The Japanese is alongside a second restaurant called Gütsch by Markus Neff, on the ground floor of the new landmark in contemporary architecture. Welcoming skiers for lunch in the day and guests for private parties in the evening, the venue seats 66 people indoors and another 145 outdoors across two terraces. Neff is running it with a team of three other people who also worked with him at the Fletschhorn in Saas-Fee near Zermatt, which was awarded 18 Gault&Millau points until 2018. So, it’s in good hands.
“We want to make a restaurant that is unlike any of the others around here – something special, something new,” Neff says. “You won’t see sausage and rosti here, for example. It is not a mountain hut where people eat in 15 or 20 minutes. We’re a high-class, fine-dining Swiss-French restaurant where we make it all from scratch, from handmade pasta to bread. People will come for three or four courses chosen from our à-la-carte menu.” Gütsch is building on the concept of mountain-top restaurant Spielboden in Saas-Fee, where Neff and his team also worked.

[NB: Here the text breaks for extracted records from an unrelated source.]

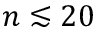Convert formula to latex. <formula><loc_0><loc_0><loc_500><loc_500>n \lesssim 2 0</formula> 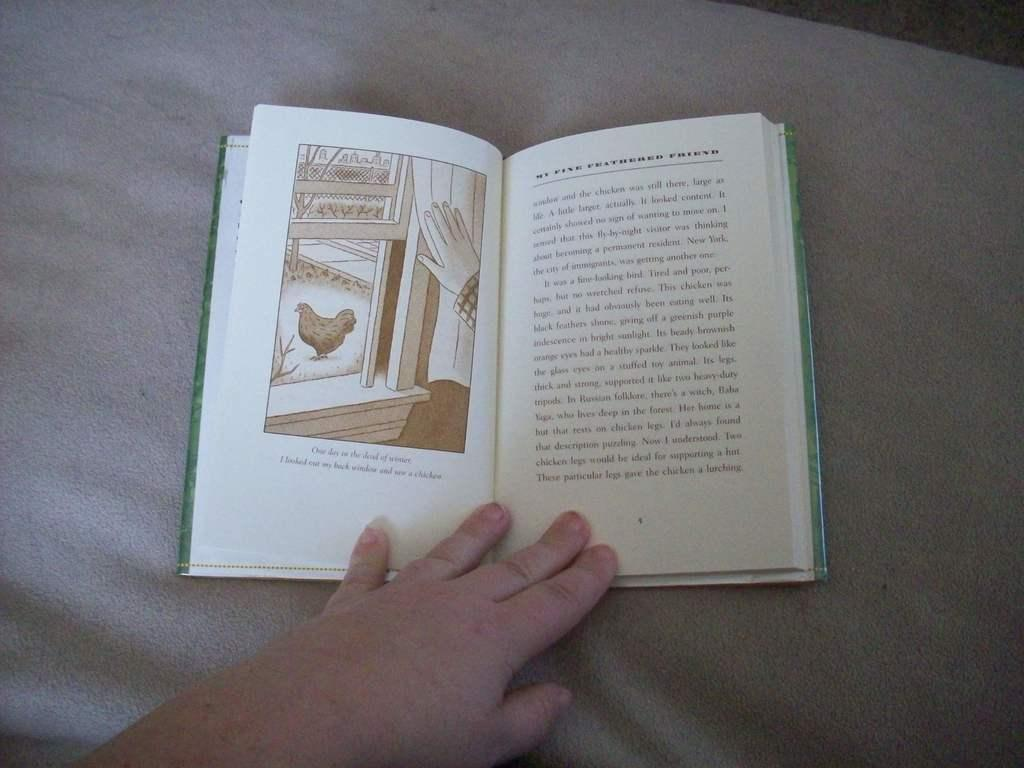<image>
Summarize the visual content of the image. An open hardback book titled My Fine Feathered Friend 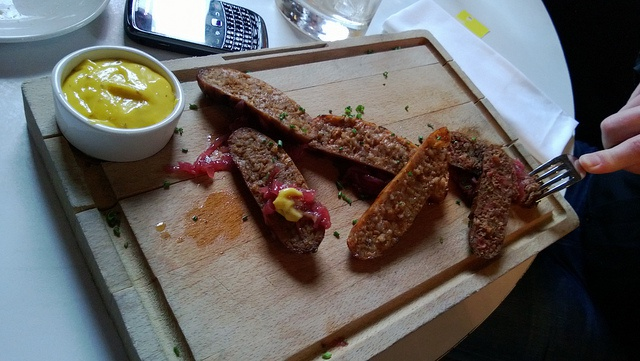Describe the objects in this image and their specific colors. I can see dining table in darkgray, lightblue, black, gray, and maroon tones, bowl in lightblue, olive, gray, and lightgray tones, hot dog in lightblue, black, maroon, and gray tones, cell phone in lightblue, white, black, navy, and gray tones, and hot dog in lightblue, gray, black, and maroon tones in this image. 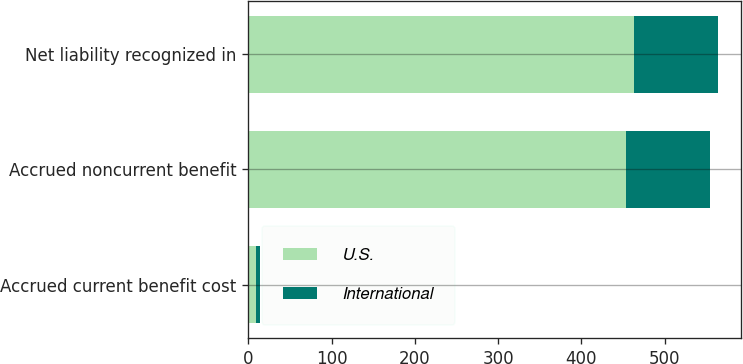Convert chart to OTSL. <chart><loc_0><loc_0><loc_500><loc_500><stacked_bar_chart><ecel><fcel>Accrued current benefit cost<fcel>Accrued noncurrent benefit<fcel>Net liability recognized in<nl><fcel>U.S.<fcel>9.7<fcel>453.7<fcel>463.4<nl><fcel>International<fcel>4.4<fcel>101.1<fcel>100.7<nl></chart> 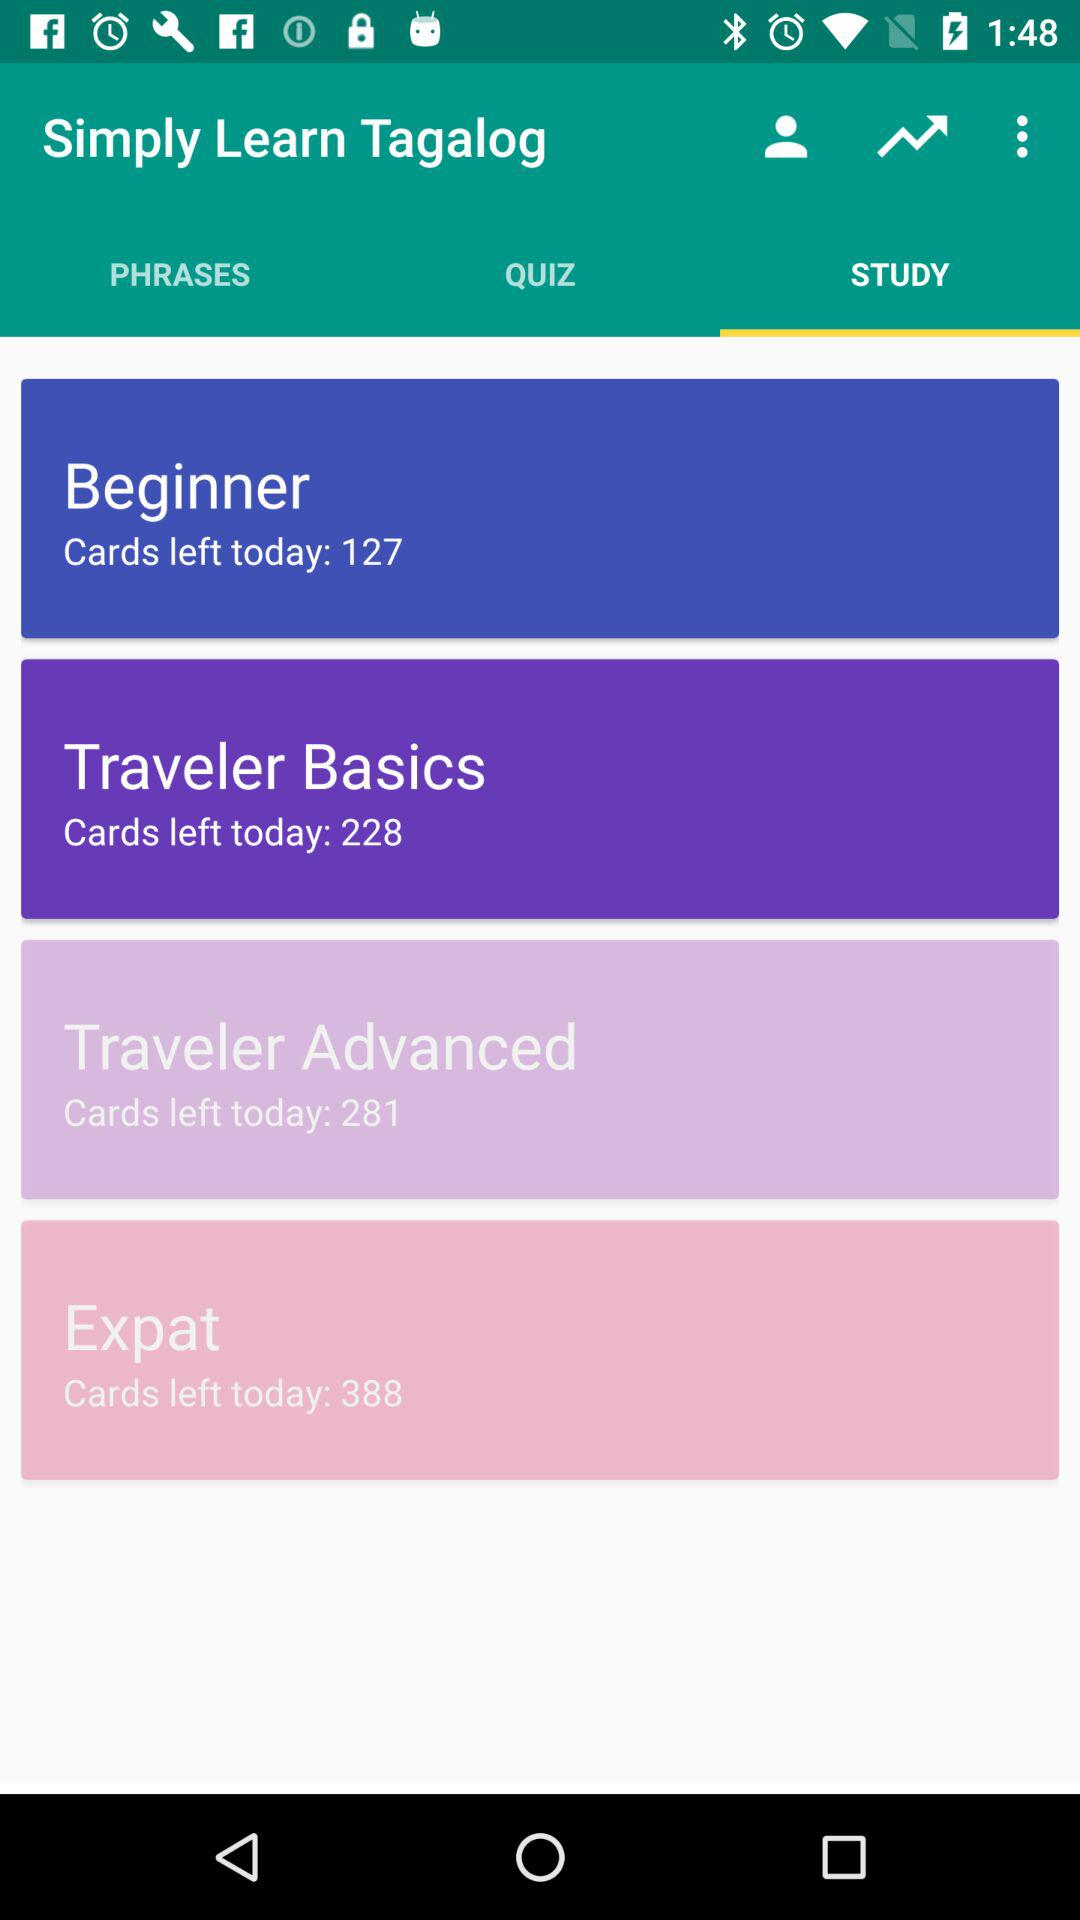Which category has 281 cards? There are 281 cards in the "Traveler Advanced" category. 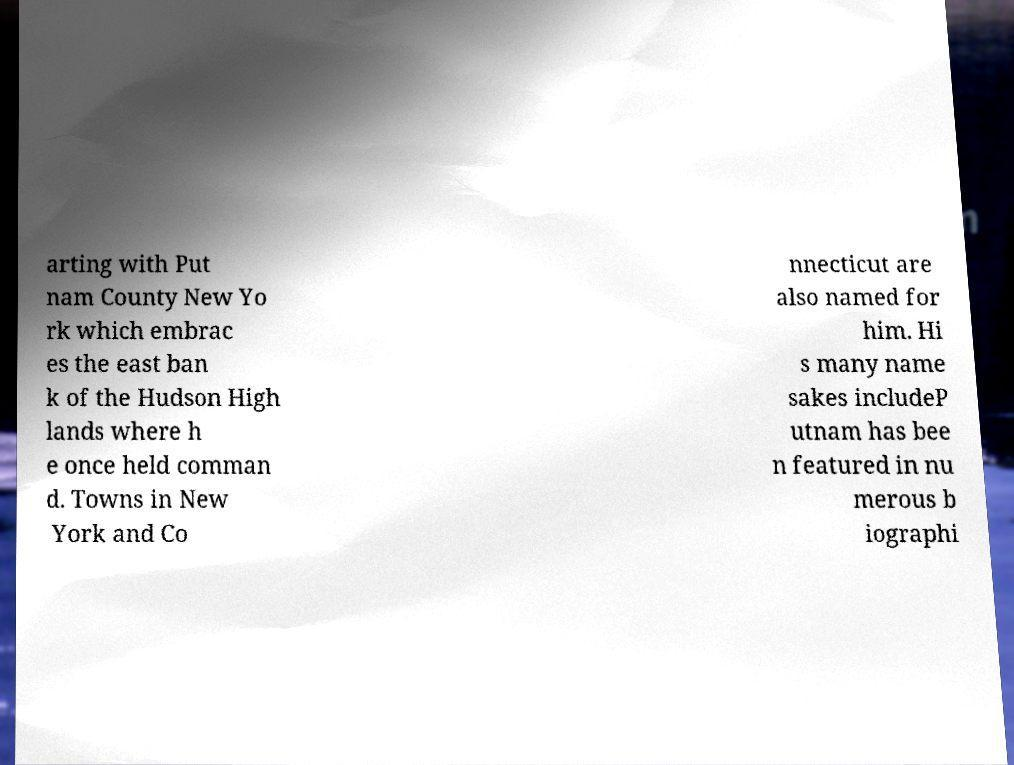What messages or text are displayed in this image? I need them in a readable, typed format. arting with Put nam County New Yo rk which embrac es the east ban k of the Hudson High lands where h e once held comman d. Towns in New York and Co nnecticut are also named for him. Hi s many name sakes includeP utnam has bee n featured in nu merous b iographi 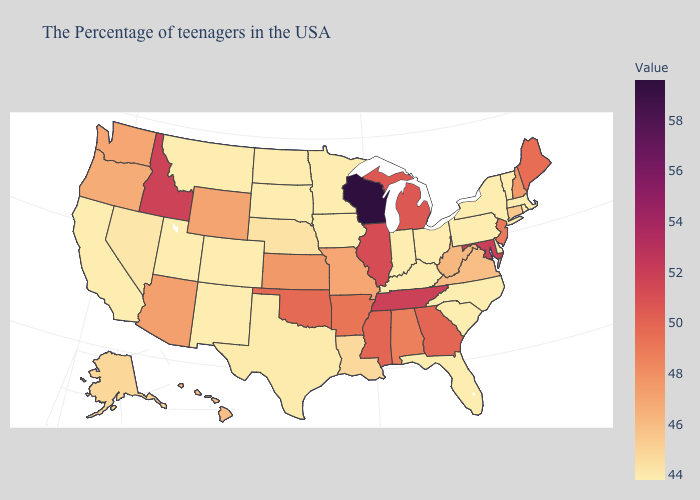Which states hav the highest value in the MidWest?
Quick response, please. Wisconsin. Among the states that border Maryland , which have the highest value?
Short answer required. West Virginia. Does North Carolina have the lowest value in the South?
Write a very short answer. Yes. Which states have the lowest value in the South?
Short answer required. Delaware, North Carolina, South Carolina, Florida, Kentucky. Does the map have missing data?
Write a very short answer. No. Does Kansas have the lowest value in the MidWest?
Be succinct. No.

Unlike traditional Swiss lodges and cabins, Studio Seilern’s new project is something far more cutting edge and ambitious. Christina Seilern, principle of the firm, says: “Due to the extreme weather conditions in winter, there was only a short time frame that allowed for construction. For this reason, it had to be built in two summers.” Seilern says that it was also a challenge to create a design that catered for two different restaurants. Inspiration came from the idea of a Swiss hamlet, known as a hameau, “where a collection of smaller buildings creates a harmonious whole”, says Seilern. Inside, there are exposed timber beams and wood panelling, while The Japanese also has an open kitchen and sushi bar.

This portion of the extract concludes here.